Despite a recent ban on restaurants, street vendors, and market traders from selling dog meat at the yearly Lychee and Dog Meat Festival in southern China, the event appears poised to continue on unimpeded. A highly popular restaurant, Yulin No.1 Crispy Dog Meat Restaurant, is said to be operating business as usual since the ban was reported.
The ban, set to prohibit the sale of dog meat in central Yulin from June 15-23, the height of the festival, is supposed to be enforced by the risk of arrest and fines up to 100,000 yuan ($14,500). Unfortunately, there seems to be no restriction on vendors selling dog meat in the suburbs or on people eating dog meat at home.

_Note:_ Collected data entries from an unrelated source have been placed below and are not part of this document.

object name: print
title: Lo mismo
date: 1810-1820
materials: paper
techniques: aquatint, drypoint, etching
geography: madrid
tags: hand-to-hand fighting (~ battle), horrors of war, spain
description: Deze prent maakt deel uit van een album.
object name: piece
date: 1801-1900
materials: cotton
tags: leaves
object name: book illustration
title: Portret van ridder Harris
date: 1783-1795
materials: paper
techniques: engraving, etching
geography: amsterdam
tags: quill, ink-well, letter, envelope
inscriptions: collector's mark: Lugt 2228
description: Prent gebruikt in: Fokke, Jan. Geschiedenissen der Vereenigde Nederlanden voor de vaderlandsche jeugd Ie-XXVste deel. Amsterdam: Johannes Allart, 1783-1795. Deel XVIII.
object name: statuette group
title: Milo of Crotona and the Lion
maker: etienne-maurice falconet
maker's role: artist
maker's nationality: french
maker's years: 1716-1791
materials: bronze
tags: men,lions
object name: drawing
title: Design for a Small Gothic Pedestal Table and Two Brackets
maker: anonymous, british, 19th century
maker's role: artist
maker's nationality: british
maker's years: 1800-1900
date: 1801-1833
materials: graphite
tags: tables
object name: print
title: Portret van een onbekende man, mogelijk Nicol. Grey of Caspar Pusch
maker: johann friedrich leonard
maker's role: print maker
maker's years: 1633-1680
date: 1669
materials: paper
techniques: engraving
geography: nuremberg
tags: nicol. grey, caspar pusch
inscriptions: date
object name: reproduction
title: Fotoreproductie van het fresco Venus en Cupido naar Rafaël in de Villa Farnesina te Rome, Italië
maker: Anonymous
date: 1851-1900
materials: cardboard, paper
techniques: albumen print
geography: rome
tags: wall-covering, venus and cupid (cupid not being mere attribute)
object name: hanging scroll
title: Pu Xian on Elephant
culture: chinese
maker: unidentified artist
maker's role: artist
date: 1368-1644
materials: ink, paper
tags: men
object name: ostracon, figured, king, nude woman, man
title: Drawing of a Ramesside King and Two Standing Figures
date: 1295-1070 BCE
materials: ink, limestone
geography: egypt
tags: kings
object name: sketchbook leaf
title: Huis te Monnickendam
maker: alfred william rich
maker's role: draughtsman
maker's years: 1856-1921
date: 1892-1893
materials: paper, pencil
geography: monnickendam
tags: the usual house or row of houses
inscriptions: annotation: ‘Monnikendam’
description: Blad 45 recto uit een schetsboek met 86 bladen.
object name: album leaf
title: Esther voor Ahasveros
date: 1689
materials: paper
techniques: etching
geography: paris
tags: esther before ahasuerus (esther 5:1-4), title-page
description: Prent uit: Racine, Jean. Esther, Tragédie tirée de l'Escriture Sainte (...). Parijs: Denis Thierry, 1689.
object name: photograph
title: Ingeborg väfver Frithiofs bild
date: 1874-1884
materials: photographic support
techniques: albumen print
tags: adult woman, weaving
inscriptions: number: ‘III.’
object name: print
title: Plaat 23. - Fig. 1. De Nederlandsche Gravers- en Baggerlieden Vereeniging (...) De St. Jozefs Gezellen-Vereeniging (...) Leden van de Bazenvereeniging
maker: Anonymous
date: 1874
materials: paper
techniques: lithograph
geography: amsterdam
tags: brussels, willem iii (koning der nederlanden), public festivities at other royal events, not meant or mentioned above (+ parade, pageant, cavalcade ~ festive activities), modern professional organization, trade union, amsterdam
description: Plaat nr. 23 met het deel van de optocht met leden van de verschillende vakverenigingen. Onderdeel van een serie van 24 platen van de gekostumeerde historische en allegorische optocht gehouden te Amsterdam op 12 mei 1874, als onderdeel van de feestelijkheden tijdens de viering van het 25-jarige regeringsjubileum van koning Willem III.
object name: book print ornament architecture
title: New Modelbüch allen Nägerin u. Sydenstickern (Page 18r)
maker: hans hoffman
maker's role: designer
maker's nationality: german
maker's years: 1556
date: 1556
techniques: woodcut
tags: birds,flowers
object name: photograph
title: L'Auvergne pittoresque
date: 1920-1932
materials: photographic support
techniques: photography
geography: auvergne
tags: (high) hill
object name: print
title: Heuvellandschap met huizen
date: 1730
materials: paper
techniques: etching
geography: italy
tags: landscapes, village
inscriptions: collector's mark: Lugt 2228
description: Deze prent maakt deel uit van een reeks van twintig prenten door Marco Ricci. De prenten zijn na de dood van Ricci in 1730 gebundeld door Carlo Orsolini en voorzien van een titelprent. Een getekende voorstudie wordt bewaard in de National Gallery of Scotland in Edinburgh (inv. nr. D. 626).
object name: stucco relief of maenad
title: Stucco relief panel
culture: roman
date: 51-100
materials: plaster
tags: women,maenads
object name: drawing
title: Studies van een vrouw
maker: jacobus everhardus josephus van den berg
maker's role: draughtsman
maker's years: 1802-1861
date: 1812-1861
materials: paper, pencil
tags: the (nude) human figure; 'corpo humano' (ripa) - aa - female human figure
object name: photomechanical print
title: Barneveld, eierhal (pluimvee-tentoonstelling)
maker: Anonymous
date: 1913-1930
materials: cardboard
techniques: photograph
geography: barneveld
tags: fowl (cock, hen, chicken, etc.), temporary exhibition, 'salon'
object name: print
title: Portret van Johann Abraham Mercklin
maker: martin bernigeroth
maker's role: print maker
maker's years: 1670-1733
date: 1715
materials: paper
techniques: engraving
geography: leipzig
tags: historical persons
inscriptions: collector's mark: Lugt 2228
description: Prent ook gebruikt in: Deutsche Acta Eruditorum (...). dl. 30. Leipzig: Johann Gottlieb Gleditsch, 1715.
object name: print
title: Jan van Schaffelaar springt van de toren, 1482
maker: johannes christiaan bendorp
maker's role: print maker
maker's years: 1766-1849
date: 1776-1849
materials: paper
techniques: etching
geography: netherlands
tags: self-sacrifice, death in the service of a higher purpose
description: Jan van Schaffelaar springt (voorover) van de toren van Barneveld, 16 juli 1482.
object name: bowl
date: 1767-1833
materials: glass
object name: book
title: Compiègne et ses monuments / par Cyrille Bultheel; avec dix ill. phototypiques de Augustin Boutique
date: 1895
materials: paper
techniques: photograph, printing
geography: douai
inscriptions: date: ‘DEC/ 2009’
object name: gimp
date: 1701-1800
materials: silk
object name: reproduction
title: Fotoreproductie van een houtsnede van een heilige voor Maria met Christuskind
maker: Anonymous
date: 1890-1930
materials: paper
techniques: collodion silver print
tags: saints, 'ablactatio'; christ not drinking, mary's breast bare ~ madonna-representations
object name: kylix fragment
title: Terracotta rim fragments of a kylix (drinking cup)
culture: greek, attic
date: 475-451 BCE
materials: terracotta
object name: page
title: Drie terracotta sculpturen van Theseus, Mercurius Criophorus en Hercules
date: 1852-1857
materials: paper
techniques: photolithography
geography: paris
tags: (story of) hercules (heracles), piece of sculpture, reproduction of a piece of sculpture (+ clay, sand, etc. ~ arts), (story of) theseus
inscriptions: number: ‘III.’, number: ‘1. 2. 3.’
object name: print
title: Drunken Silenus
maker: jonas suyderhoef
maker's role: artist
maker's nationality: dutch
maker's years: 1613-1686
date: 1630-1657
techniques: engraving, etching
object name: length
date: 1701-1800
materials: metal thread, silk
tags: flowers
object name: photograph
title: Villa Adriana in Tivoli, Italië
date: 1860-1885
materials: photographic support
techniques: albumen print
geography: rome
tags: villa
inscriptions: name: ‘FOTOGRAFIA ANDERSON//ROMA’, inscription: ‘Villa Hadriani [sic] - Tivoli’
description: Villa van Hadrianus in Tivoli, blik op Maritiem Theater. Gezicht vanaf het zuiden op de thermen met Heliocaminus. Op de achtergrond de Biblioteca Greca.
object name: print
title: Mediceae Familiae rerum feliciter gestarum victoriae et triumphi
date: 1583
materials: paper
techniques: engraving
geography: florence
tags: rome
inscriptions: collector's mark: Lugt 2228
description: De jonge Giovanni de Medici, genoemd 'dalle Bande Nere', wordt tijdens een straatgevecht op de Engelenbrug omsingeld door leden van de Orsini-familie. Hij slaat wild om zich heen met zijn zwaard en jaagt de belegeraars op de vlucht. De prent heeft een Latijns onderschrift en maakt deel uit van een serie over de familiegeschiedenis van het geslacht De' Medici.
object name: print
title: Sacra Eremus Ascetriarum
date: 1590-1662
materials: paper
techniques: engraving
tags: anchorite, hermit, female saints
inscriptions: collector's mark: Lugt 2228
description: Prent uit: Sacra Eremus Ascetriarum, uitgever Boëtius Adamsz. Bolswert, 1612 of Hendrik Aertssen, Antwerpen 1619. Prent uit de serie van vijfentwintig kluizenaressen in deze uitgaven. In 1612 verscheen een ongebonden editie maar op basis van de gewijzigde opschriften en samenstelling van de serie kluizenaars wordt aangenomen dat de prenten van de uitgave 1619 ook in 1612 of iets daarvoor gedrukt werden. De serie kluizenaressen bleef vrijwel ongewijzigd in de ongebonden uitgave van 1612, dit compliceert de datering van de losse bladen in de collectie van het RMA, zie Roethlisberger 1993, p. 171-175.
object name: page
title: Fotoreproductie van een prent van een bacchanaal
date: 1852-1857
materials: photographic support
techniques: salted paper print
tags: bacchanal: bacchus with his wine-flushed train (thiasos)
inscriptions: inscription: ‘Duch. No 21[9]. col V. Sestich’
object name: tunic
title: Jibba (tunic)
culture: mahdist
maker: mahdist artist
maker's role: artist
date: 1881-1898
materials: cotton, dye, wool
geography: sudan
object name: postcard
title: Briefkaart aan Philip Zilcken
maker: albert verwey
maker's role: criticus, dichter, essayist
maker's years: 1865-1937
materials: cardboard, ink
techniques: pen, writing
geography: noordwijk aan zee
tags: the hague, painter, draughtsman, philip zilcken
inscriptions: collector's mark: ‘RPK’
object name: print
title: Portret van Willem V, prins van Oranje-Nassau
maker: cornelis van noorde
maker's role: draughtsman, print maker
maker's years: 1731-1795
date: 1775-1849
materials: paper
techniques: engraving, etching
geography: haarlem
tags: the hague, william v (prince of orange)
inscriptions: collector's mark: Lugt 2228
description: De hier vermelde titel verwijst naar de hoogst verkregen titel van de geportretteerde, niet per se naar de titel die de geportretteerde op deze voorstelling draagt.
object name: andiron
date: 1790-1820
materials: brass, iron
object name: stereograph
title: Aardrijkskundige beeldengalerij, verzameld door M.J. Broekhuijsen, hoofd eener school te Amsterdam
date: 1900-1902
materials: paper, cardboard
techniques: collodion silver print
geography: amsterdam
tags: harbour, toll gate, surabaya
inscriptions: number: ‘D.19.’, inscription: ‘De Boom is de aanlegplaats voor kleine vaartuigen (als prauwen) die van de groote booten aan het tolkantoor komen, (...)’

While Yulin No. 1 Crispy Dog Meat Restaurant has recently removed the word “dog” from its store sign, Dr Peter J. Li said, “It’s definitely selling dog meat and it has no signs of closing.” Dr Li is the Associate Professor of East Asian Politics at the University of Houston-Downtown and the China Policy Specialist from Humane Society International.
Though dog meat has been eaten for hundreds of years in China and several other Asian countries, it has only become popular within the last 30 years or so and has exploded in popularity since the Lychee and Dog Meat Festival started celebrating the summer solstice in 2009 by promoting dog meat as a tourist attraction.
According to Dr Li, it would be difficult for the government to ban the trade of dog meat since it’s the livelihood for vendors who are less educated and largely unskilled. If the government forced the festival to end, says Dr Li, it would have to prevent a means of livelihood for anybody affected.
Though most residents of Yulin didn’t start eating dog meat until recently, the higher that international pressure to stop eating dog meat gets, the more rebellious the residents become, believing that the western world has interfered with their right to choose what they eat.
A better way to stop the slaughter of around 10 million dogs a year, many of which are stolen from homes or snatched from the streets, is to teach people how to love dogs as companions instead of blaming them for eating dogs.
Jill Robinson MBE, Animals Asia’s Founder and CEO, says: “’What we need now is to make sure the message is heard outside of Yulin, on all the other days of the year when millions of dogs die for their meat. We need to continue working with the authorities, with Chinese organizations, and with the public to change opinions and prove that dogs are friends, not food.”